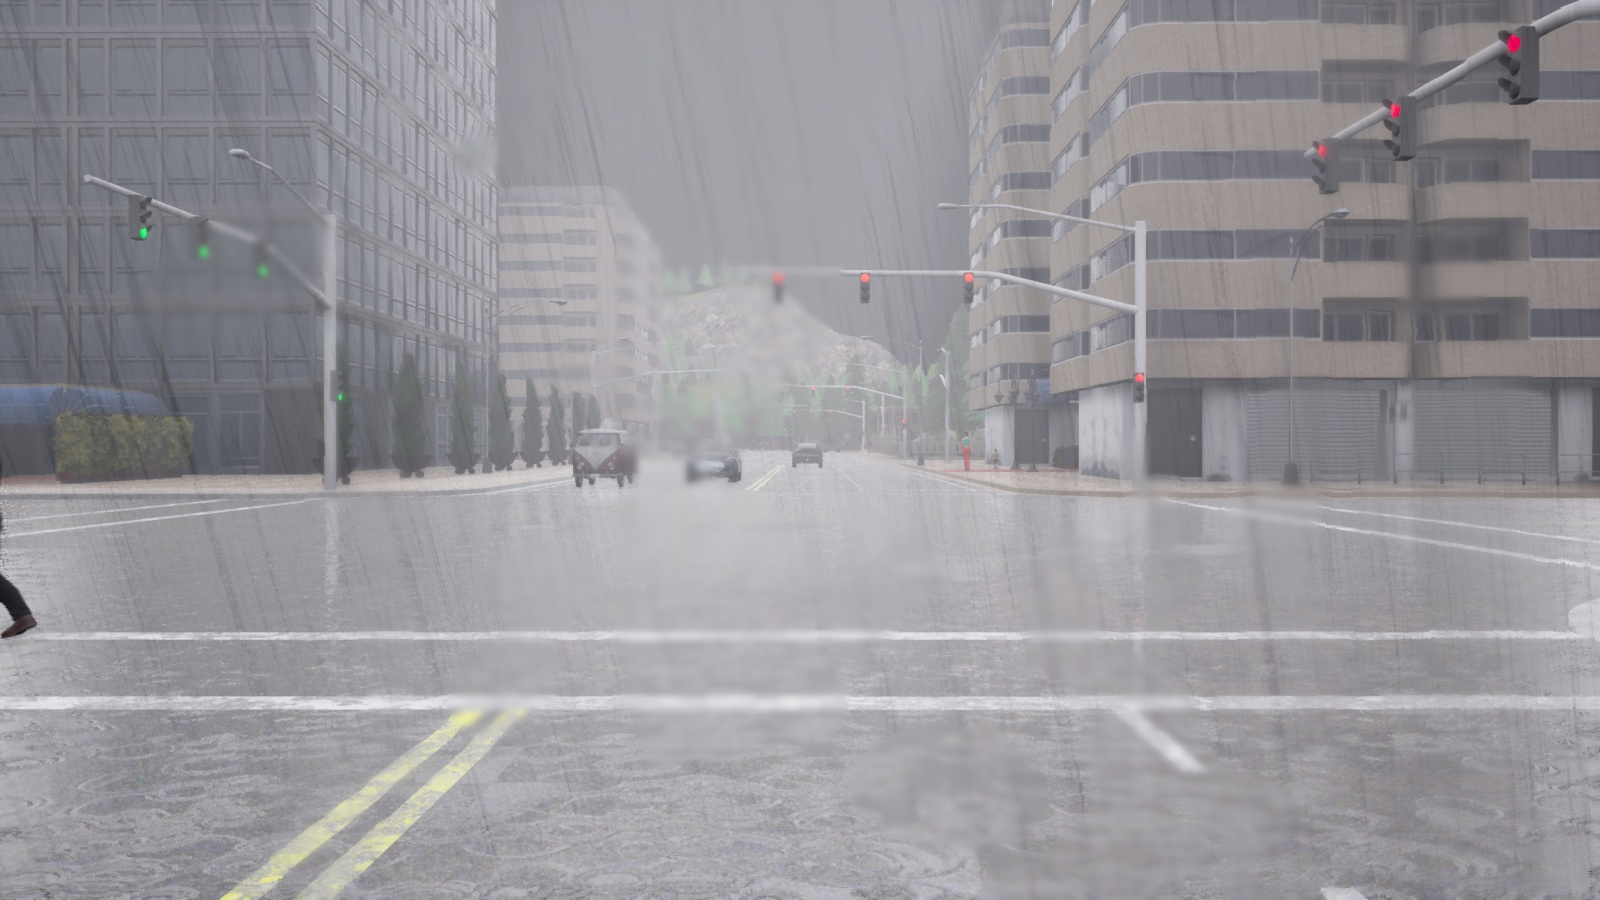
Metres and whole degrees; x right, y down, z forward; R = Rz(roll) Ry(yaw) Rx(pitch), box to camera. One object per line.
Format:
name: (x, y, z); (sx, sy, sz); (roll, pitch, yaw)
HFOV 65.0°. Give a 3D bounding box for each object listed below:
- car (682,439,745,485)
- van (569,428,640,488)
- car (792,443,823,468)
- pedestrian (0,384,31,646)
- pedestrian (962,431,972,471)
car: (-3.212, 0.405, 47.640); (2.033, 1.649, 4.856); (0, 0, 0)
van: (-6.735, 0.247, 43.655); (1.775, 1.987, 4.442); (0, 0, 0)
car: (0.453, 0.319, 76.675); (1.837, 1.490, 4.892); (0, 0, 0)
pedestrian: (-6.344, 0.483, 9.496); (0.788, 1.949, 0.423); (0, 0, 1)
pedestrian: (7.775, 0.050, 58.606); (0.345, 1.836, 0.594); (0, 0, -4)
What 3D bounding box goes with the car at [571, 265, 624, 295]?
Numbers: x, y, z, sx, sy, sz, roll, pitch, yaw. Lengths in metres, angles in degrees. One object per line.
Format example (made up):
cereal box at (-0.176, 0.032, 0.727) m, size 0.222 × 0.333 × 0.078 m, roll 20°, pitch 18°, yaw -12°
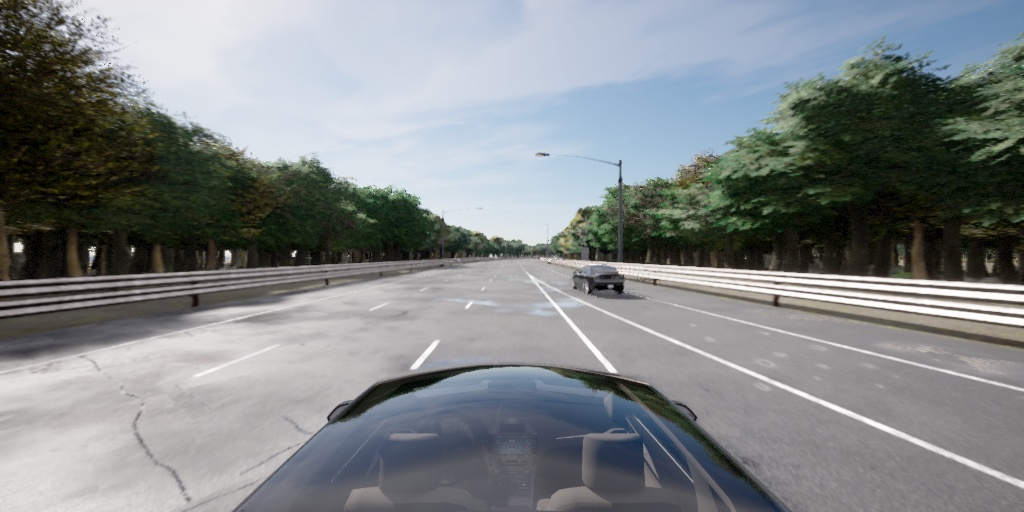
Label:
car at (4.596, 1.250, 19.772) m, size 1.837 × 1.490 × 4.892 m, roll 0°, pitch 0°, yaw -4°
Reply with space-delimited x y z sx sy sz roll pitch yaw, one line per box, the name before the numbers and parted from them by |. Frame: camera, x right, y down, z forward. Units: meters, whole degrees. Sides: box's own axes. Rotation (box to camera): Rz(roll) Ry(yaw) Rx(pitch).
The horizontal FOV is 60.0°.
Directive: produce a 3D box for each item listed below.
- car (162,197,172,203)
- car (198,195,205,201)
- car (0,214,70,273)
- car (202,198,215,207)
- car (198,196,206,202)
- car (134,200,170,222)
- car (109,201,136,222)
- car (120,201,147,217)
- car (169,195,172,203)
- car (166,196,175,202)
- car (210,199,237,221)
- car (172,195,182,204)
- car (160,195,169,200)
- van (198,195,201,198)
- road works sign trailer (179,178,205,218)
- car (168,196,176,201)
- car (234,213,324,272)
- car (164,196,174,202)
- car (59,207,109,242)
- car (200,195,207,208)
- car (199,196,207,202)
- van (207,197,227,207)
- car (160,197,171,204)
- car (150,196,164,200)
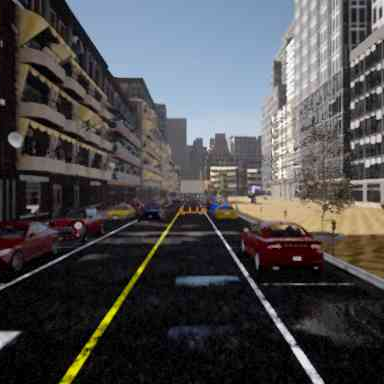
car | -5.694 1.797 77.043 2.008 1.369 4.403 0 0 0
car | 2.686 1.757 93.622 1.967 1.590 4.097 0 0 0
car | -5.695 1.609 10.724 1.802 1.307 4.206 0 0 0
car | 2.686 1.688 55.106 1.752 1.417 4.829 0 0 0
car | 2.687 1.858 88.095 1.947 1.339 4.313 0 0 0
car | -3.096 1.632 26.646 1.994 1.385 4.181 0 0 0
car | -5.694 1.596 27.133 1.752 1.417 4.829 0 0 0
car | -5.694 1.632 32.829 1.887 1.381 4.507 0 0 0
car | -5.696 1.518 65.990 2.192 1.841 5.009 0 0 0
car | -5.694 1.858 88.095 1.947 1.339 4.313 0 0 0
car | 2.686 1.596 27.473 1.752 1.417 4.829 0 0 0
car | -3.002 1.800 67.722 1.895 1.301 4.718 0 0 0
car | -5.695 1.707 60.294 1.752 1.417 4.829 0 0 0
van | 2.685 1.587 77.043 1.690 1.788 3.998 0 0 0
road works sign trailer | 0.000 0.545 30.830 2.380 3.560 2.880 0 0 0
car | -5.694 1.862 93.622 1.887 1.381 4.507 0 0 0
car | 2.685 1.571 10.723 1.887 1.381 4.507 0 0 0
car | -5.694 1.709 82.569 1.967 1.590 4.097 0 0 0
car | -5.696 1.481 16.250 1.967 1.590 4.097 0 0 0
car | 2.685 1.582 49.409 1.967 1.590 4.097 0 0 0
car | 2.686 1.794 82.738 1.752 1.417 4.829 0 0 0
van | 2.685 1.428 32.829 1.690 1.788 3.998 0 0 0
car | -5.693 1.774 71.516 2.008 1.369 4.403 0 0 0
car | -5.694 1.687 49.410 1.887 1.381 4.507 0 0 0
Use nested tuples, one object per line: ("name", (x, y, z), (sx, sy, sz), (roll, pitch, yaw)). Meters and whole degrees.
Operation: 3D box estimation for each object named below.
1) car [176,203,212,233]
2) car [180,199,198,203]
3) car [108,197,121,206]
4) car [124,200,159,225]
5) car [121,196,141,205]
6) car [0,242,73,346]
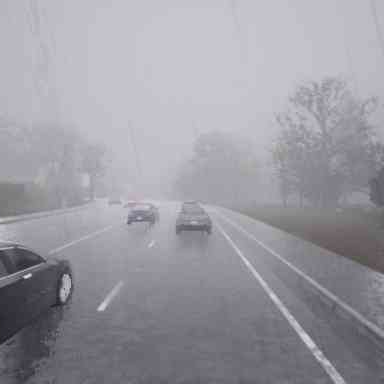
("car", (0.087, 1.567, 19.496), (1.994, 1.385, 4.181), (0, 0, 0))
("car", (-0.305, 1.499, 37.246), (2.128, 1.511, 4.902), (0, 0, -3))
("car", (-12.899, 1.566, 56.054), (1.994, 1.385, 4.181), (0, 0, -9))
("car", (-3.430, 1.530, 23.849), (1.812, 1.442, 4.674), (0, 0, 0))
("car", (-8.079, 1.358, 45.617), (2.097, 1.767, 4.553), (0, 0, -5))
("car", (-3.399, 1.506, 5.074), (1.837, 1.490, 4.892), (0, 0, 0))
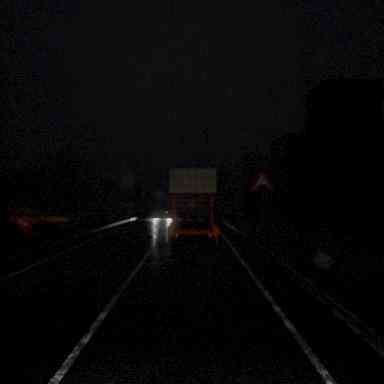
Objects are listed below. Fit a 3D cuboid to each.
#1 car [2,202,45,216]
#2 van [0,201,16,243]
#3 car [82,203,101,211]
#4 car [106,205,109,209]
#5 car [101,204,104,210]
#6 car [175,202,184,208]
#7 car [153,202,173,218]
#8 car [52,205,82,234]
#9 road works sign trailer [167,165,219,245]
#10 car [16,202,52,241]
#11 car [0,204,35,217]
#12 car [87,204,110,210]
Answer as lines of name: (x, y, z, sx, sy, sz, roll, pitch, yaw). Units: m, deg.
car: (-21.886, 2.144, 43.348, 4.553, 1.767, 2.185, 0, -2, 0)
van: (-9.625, 1.275, 12.827, 4.442, 1.987, 1.878, 0, -1, 0)
car: (-21.714, 3.136, 67.664, 4.674, 1.452, 2.002, 0, -2, 0)
car: (-21.686, 3.319, 74.210, 5.008, 1.535, 2.097, 0, -2, 0)
car: (-21.693, 3.209, 70.939, 4.892, 1.521, 2.231, 0, -2, 0)
car: (-2.954, 3.111, 78.839, 2.097, 1.767, 4.553, 0, -2, 0)
car: (-3.241, 2.143, 37.721, 1.837, 1.490, 4.892, 1, -2, 0)
car: (-9.342, 1.586, 18.779, 5.366, 1.575, 1.946, 0, -1, 0)
road works sign trailer: (0.047, 0.530, 15.833, 2.380, 3.560, 2.880, 0, -1, -1)
car: (-9.549, 1.414, 15.863, 4.553, 1.767, 2.185, 0, -1, 0)
car: (-21.831, 2.204, 40.174, 4.674, 1.452, 2.002, 0, -2, 0)
car: (-21.660, 3.466, 77.356, 4.674, 1.452, 2.002, 0, -2, 0)
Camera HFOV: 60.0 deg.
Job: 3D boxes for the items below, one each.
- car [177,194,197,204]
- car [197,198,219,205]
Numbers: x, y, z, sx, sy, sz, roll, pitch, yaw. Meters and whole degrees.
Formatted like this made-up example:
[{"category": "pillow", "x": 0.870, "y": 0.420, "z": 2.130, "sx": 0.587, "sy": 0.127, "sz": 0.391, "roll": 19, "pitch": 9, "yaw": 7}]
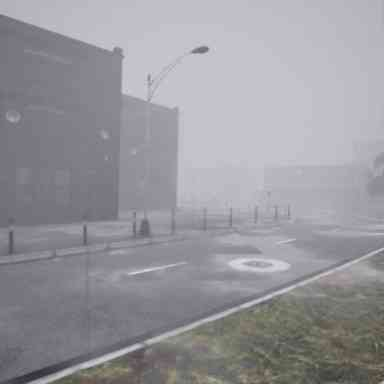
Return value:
[{"category": "car", "x": -0.361, "y": 1.726, "z": 74.073, "sx": 2.185, "sy": 1.767, "sz": 4.553, "roll": 1, "pitch": -1, "yaw": 38}, {"category": "car", "x": 3.873, "y": 1.974, "z": 70.670, "sx": 2.163, "sy": 1.488, "sz": 4.792, "roll": 1, "pitch": -1, "yaw": 38}]
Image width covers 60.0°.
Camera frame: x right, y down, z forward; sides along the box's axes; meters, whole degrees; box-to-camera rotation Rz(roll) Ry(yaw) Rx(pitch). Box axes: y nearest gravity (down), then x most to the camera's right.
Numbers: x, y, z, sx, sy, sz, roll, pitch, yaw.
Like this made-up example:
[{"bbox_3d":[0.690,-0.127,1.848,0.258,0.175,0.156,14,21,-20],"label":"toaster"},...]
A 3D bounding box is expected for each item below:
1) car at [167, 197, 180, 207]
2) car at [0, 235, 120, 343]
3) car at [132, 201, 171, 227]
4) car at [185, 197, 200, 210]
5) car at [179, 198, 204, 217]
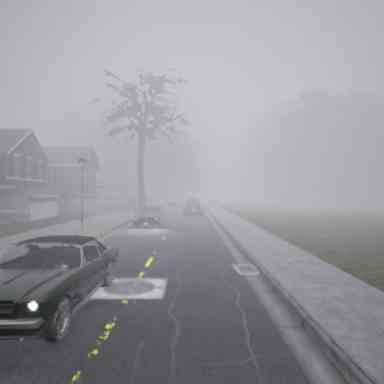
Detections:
[{"bbox_3d":[-2.848,1.499,52.857,1.882,1.535,5.008,0,0,0],"label":"car"},{"bbox_3d":[-2.848,1.607,6.585,1.895,1.301,4.718,0,0,0],"label":"car"},{"bbox_3d":[-2.818,1.565,23.071,2.033,1.411,5.357,0,0,0],"label":"car"},{"bbox_3d":[0.076,1.529,45.257,1.837,1.490,4.892,0,0,0],"label":"car"},{"bbox_3d":[0.091,1.586,31.066,1.994,1.385,4.181,0,0,-1],"label":"car"}]
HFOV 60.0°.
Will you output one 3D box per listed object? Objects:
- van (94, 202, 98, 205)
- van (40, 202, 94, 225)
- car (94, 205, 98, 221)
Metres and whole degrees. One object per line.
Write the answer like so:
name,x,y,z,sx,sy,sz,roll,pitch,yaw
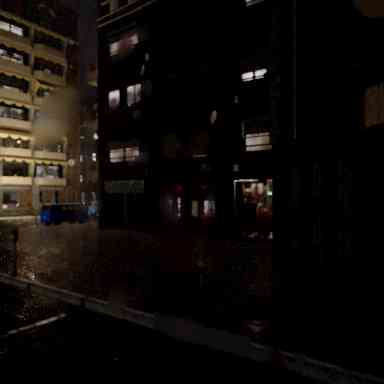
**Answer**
van,-11.188,2.094,41.821,1.690,1.788,3.998,-2,-2,35
van,-10.612,1.846,27.901,1.690,1.788,3.998,-2,-2,35
car,-7.546,2.178,32.513,1.947,1.339,4.313,-2,-2,35
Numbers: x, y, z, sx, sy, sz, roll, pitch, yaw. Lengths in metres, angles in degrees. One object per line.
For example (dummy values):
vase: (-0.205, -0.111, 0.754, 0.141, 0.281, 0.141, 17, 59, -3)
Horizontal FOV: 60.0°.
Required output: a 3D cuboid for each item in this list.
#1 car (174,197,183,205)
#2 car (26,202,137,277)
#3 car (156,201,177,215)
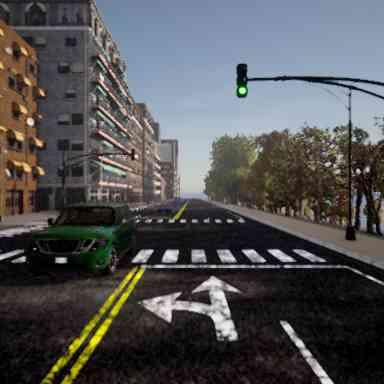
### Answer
car: (-3.193, 2.126, 79.841, 2.150, 2.045, 5.566, 0, -1, 0)
car: (-3.248, 1.374, 11.024, 2.150, 2.045, 5.566, 0, -1, 0)
car: (-3.222, 2.059, 40.087, 1.895, 1.301, 4.718, 0, 0, 0)
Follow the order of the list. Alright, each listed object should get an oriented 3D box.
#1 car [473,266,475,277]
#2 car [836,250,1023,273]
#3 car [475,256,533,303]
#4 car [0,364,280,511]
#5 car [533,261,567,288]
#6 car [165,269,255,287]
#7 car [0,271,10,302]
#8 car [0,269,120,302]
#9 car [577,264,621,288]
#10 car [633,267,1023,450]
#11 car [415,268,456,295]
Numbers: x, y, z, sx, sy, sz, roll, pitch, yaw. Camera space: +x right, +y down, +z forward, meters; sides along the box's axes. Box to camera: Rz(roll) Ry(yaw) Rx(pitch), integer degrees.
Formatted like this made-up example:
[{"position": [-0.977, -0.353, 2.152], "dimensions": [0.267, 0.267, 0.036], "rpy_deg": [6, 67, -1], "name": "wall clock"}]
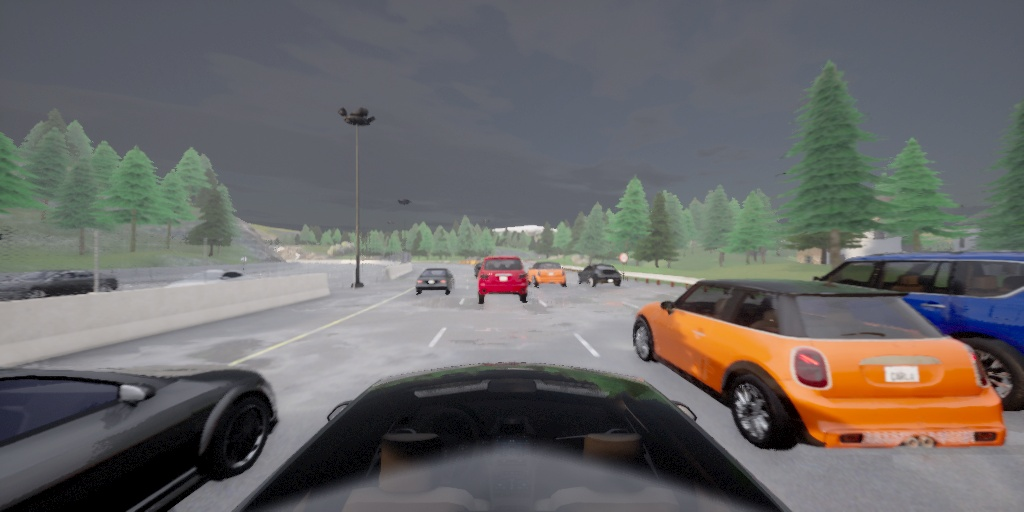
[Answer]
[{"position": [-2.759, 1.361, 35.526], "dimensions": [1.837, 1.490, 4.892], "rpy_deg": [0, 0, -9], "name": "car"}, {"position": [7.003, 0.945, 6.172], "dimensions": [2.150, 2.045, 5.566], "rpy_deg": [0, 0, -1], "name": "car"}, {"position": [-0.538, 1.017, 17.274], "dimensions": [2.150, 2.045, 5.566], "rpy_deg": [0, 0, -4], "name": "car"}, {"position": [-3.465, 1.334, 2.097], "dimensions": [1.994, 1.385, 4.181], "rpy_deg": [0, 0, 0], "name": "car"}, {"position": [2.253, 1.151, 24.688], "dimensions": [2.097, 1.767, 4.553], "rpy_deg": [0, 0, -6], "name": "car"}, {"position": [-14.825, 1.401, 17.880], "dimensions": [1.812, 1.442, 4.674], "rpy_deg": [0, 0, -5], "name": "car"}, {"position": [-25.119, 1.432, 14.917], "dimensions": [1.837, 1.490, 4.892], "rpy_deg": [0, -1, -4], "name": "car"}, {"position": [-21.778, 1.405, 17.049], "dimensions": [2.128, 1.511, 4.902], "rpy_deg": [0, 0, -5], "name": "car"}, {"position": [5.813, 1.283, 24.417], "dimensions": [1.837, 1.490, 4.892], "rpy_deg": [0, 0, -6], "name": "car"}, {"position": [3.489, 1.092, 5.364], "dimensions": [2.097, 1.767, 4.553], "rpy_deg": [0, 0, -1], "name": "car"}, {"position": [-4.327, 1.372, 20.699], "dimensions": [2.033, 1.411, 5.357], "rpy_deg": [0, 0, -5], "name": "car"}]
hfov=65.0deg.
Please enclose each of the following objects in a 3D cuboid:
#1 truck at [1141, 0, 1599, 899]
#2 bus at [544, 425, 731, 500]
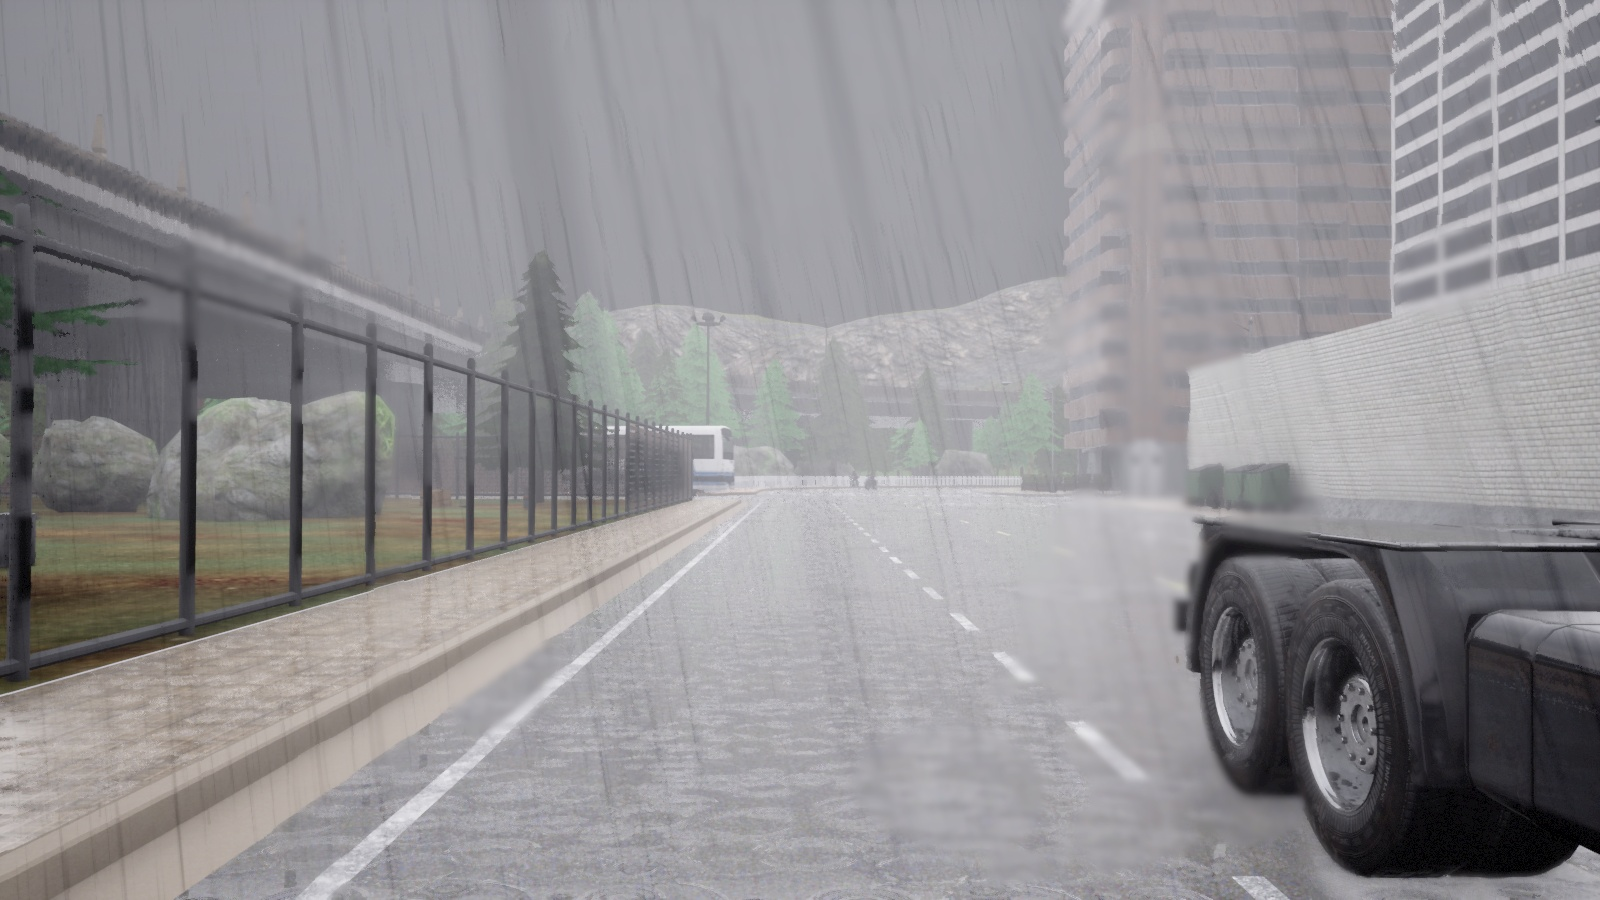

> How to complete this task: Take each line above that holds the string "made" and copy it.

> Written response:
Format example (made up):
Formatted like this made-up example:
Like this made-up example:
Formatted like this made-up example:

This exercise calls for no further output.